How To Raise Happy Children Step #2: Embrace Character Strengths

Over the last two decades, the field of positive psychology has used observation and experimentation to identify and classify 24 unique character strengths. These strengths are valued and recognized in almost every culture and are independent of politics. They range from curiosity and creativity to bravery, kindness, humor, fairness, and forgiveness.

Character strengths are not linked to goals. They are part of the values that parents naturally try to build in their children by encouraging kids to be fair or practice self-control, kindness, and honesty. This is what we so often call, “family values,” a familiar part of elementary school sociological curriculum.

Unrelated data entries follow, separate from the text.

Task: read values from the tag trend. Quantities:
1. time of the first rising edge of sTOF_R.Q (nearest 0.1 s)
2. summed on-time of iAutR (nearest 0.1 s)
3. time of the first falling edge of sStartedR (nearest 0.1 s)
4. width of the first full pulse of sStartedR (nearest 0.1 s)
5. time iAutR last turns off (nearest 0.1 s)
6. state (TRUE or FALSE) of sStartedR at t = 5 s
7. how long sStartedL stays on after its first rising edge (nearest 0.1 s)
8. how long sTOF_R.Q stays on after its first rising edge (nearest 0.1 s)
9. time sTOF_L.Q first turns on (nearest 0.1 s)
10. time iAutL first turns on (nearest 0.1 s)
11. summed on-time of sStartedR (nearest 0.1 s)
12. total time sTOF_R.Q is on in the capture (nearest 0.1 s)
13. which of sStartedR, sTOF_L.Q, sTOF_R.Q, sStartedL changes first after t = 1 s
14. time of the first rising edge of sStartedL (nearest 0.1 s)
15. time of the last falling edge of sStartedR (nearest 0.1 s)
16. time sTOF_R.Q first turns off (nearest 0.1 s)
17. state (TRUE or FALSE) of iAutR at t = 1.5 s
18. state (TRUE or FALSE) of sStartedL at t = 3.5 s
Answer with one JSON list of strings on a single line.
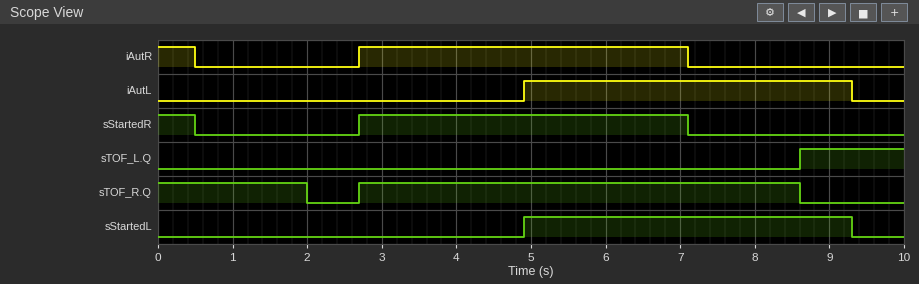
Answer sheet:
["2.7 s", "4.9 s", "0.5 s", "4.4 s", "7.1 s", "TRUE", "4.4 s", "5.9 s", "8.6 s", "4.9 s", "4.9 s", "7.9 s", "sTOF_R.Q", "4.9 s", "7.1 s", "2.0 s", "FALSE", "FALSE"]

Research has found that while most people find value in all 24 character strengths, every individual builds a personal hierarchy of which strengths are most important to them. One person might prize love of learning more than any other strength. But, while they value bravery, perhaps it’s not the most important value to them. The path to long term personal fulfillment is engaging in pursuits and activities that build on the strength you most value.

“If I’m a curious person and I find a new section of the library, that’s not just satisfying and pleasurable, but it also helps grow that part of me that is curious,” Zetlin says. That growth is what creates and ultimately grows a lasting sense of fulfillment.

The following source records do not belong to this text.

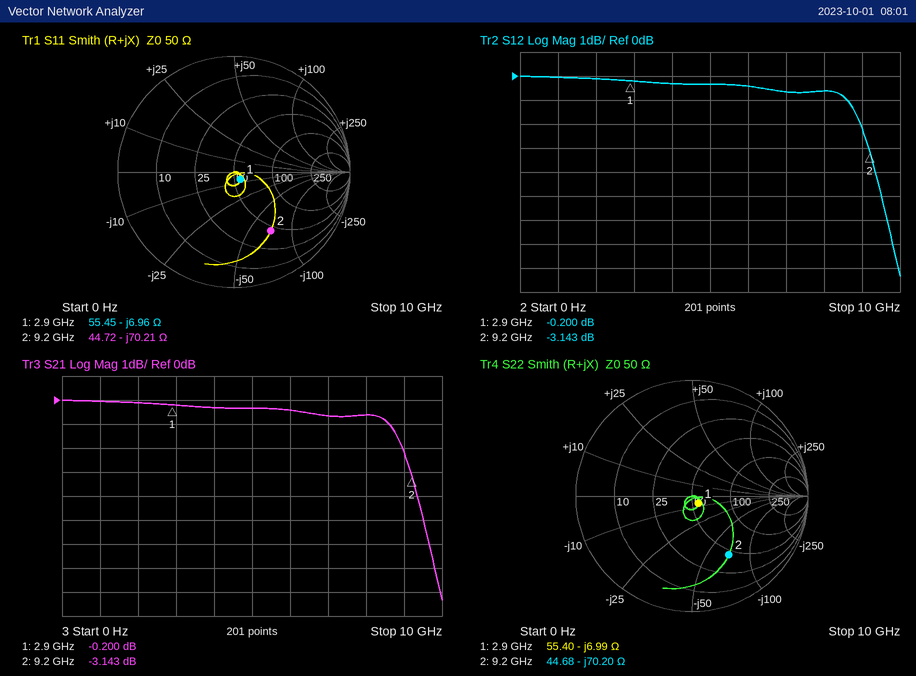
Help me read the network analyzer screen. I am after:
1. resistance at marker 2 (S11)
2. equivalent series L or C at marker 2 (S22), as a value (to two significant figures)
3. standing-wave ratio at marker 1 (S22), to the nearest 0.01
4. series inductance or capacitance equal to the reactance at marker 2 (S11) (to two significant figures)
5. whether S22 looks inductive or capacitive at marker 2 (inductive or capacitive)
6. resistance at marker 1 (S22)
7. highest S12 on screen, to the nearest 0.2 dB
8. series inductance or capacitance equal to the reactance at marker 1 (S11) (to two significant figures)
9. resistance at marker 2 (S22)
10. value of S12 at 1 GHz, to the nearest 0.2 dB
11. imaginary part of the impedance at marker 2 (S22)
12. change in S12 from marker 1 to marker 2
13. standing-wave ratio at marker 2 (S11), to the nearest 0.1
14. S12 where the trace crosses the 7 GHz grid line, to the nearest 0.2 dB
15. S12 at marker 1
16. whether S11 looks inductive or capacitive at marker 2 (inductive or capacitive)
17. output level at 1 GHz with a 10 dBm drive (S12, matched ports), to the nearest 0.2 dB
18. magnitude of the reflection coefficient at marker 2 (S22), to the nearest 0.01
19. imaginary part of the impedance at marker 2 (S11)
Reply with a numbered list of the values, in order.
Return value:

But for a parent to identify their kid’s character strength requires a lot more than just talking about it. It takes a bit of trial and error. The trick then is for parents to identify those strengths in their kid. Given that there are 24 of those strengths it might seem overly complicated to suss them out in a kid. But while there are diagnostic tools, it’s not necessary, or even practical, for parents to give their kids some kind of wide-ranging survey to figure out their character strength. Instead, parents can simply observe their kids doing what kids normally do.

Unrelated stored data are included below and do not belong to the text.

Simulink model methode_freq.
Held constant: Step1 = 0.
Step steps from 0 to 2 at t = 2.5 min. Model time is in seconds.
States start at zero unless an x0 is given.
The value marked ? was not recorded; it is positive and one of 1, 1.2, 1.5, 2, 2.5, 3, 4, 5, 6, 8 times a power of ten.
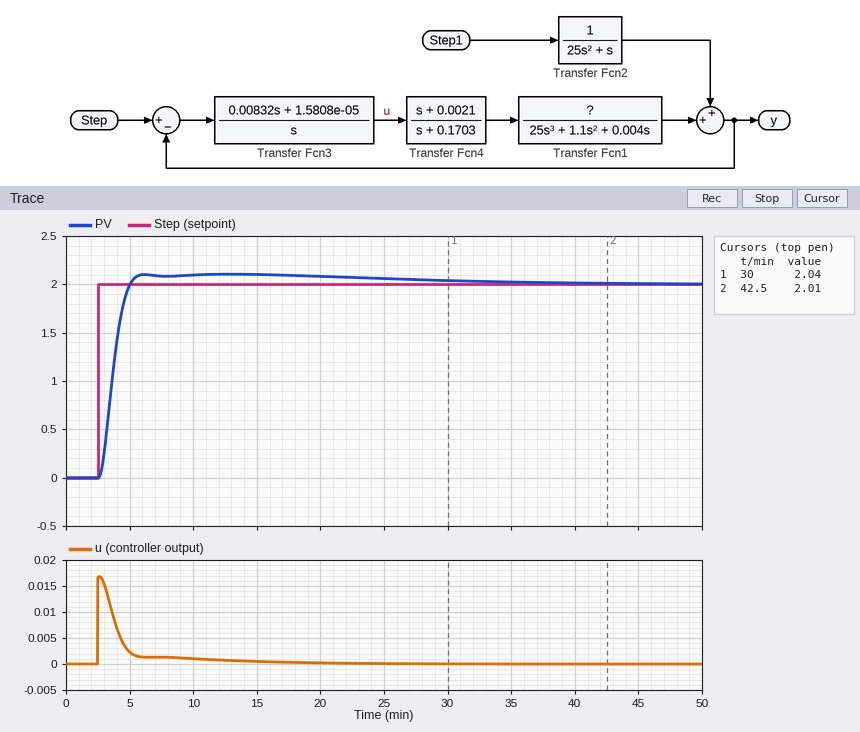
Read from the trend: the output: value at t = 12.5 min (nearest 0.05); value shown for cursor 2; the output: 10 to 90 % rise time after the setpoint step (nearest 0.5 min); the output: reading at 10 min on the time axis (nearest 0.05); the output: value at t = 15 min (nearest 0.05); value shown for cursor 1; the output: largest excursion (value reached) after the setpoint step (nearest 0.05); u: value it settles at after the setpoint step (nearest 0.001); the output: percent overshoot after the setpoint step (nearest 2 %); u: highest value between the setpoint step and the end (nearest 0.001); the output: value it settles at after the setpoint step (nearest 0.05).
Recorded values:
2.10
2.01
1.5 min
2.10
2.10
2.04
2.10
0.000
6 %
0.017
2.00
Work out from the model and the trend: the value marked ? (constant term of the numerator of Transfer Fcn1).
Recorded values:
0.3
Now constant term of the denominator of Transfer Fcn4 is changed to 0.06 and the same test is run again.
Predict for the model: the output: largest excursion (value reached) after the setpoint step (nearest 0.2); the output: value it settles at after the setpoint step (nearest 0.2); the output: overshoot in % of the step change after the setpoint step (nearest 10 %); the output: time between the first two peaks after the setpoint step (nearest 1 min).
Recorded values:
3.0
2.0
50 %
3 min
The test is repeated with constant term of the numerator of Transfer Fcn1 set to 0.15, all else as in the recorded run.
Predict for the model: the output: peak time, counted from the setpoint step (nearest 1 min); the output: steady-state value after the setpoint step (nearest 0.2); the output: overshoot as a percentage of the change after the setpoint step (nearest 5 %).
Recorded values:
14 min
2.0
10 %

How To Raise Happy Children Step #3: Encourage Discovery

Consider a kid who is into Minecraft, which is a part building and engineering game and part adventure game. Some parents might be inclined to focus on the product by giving the kid more Minecraft stuff. But viewing the interest through the lens of character strengths could reveal a kid who values creativity, or a love of learning. If they seem to focus on the social aspects of the game, it could be that they value teamwork or leadership.

The upshot is that instead of buying more superficial Minecraft stuff, a parent could encourage their child to engage in other creative endeavors, or find different ways to practice teamwork and leadership outside of the game. Practicing those strengths are what will lead to a lasting sense of wellbeing. But, importantly, that doesn’t mean pegging a kid to a career or a learning track, which is often where parents go when discovering a child’s strengths.

“That connects kids to an outdated set of curriculum categories,” Zeitlin explains. “Think about the subskills and strengths the kid is preferring to use. Ask a different question.”

But Zeitlin admits that asking the right questions is incredibly tough when they are anxious about their child’s success. So, that means that parents need to change their own mindset about what happiness is. It means finding their own character strengths and working on ways to make themselves feel less anxious and more fulfilled.

When parents model a character-based path to fulfillment, kids will follow. That’s because kids look to adults to learn how to live in the world. A child will get a better idea of long-lasting happiness if they see parents who are happy because they are indulging in curiosity or fairness rather than status and material goods.

“If you can get around to the mindset that you need to start with yourself, it changes everything,” Zeitlin says.

The profound change is that parents who just want their kids to be happy should also work to find their own true and lasting happiness. Because in the end if happiness is a path rather than a destination, parents and kids need to walk it together.